BEGIN Input data

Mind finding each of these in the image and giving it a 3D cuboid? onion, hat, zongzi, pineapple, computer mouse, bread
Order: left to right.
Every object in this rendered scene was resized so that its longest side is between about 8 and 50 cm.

END Input data
BEGIN Input data

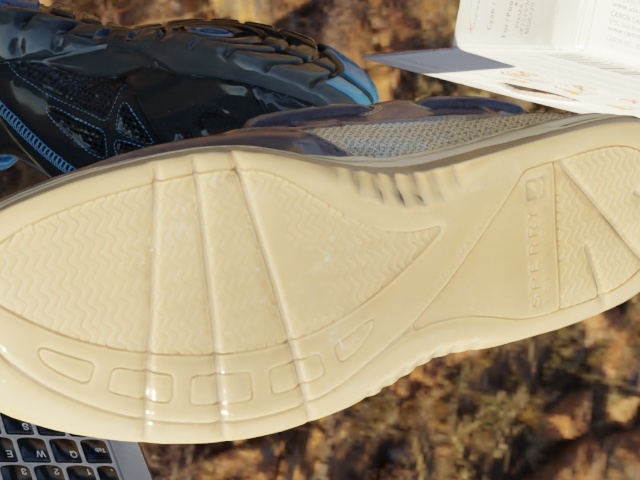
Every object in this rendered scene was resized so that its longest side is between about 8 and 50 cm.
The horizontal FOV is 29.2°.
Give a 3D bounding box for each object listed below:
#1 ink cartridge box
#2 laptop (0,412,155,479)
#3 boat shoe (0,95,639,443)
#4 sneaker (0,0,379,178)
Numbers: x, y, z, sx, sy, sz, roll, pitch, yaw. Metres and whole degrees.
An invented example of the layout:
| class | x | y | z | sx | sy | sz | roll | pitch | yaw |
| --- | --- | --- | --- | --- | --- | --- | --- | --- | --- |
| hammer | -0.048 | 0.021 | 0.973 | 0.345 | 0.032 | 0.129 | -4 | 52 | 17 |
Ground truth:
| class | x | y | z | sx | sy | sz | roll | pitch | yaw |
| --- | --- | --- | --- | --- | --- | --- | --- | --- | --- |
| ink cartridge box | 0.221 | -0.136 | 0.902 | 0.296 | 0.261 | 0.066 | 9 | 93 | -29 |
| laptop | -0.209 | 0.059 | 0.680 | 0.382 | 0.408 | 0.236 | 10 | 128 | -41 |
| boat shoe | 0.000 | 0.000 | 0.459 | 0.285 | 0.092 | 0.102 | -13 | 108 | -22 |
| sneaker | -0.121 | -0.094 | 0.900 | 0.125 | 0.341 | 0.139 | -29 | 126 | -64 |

END Input data

Task goal
Every line holding the word "each" should be copied out of the records above.

Your solution
Mind finding each of these in the image and giving it a 3D cuboid? onion, hat, zongzi, pineapple, computer mouse, bread
Give a 3D bounding box for each object listed below:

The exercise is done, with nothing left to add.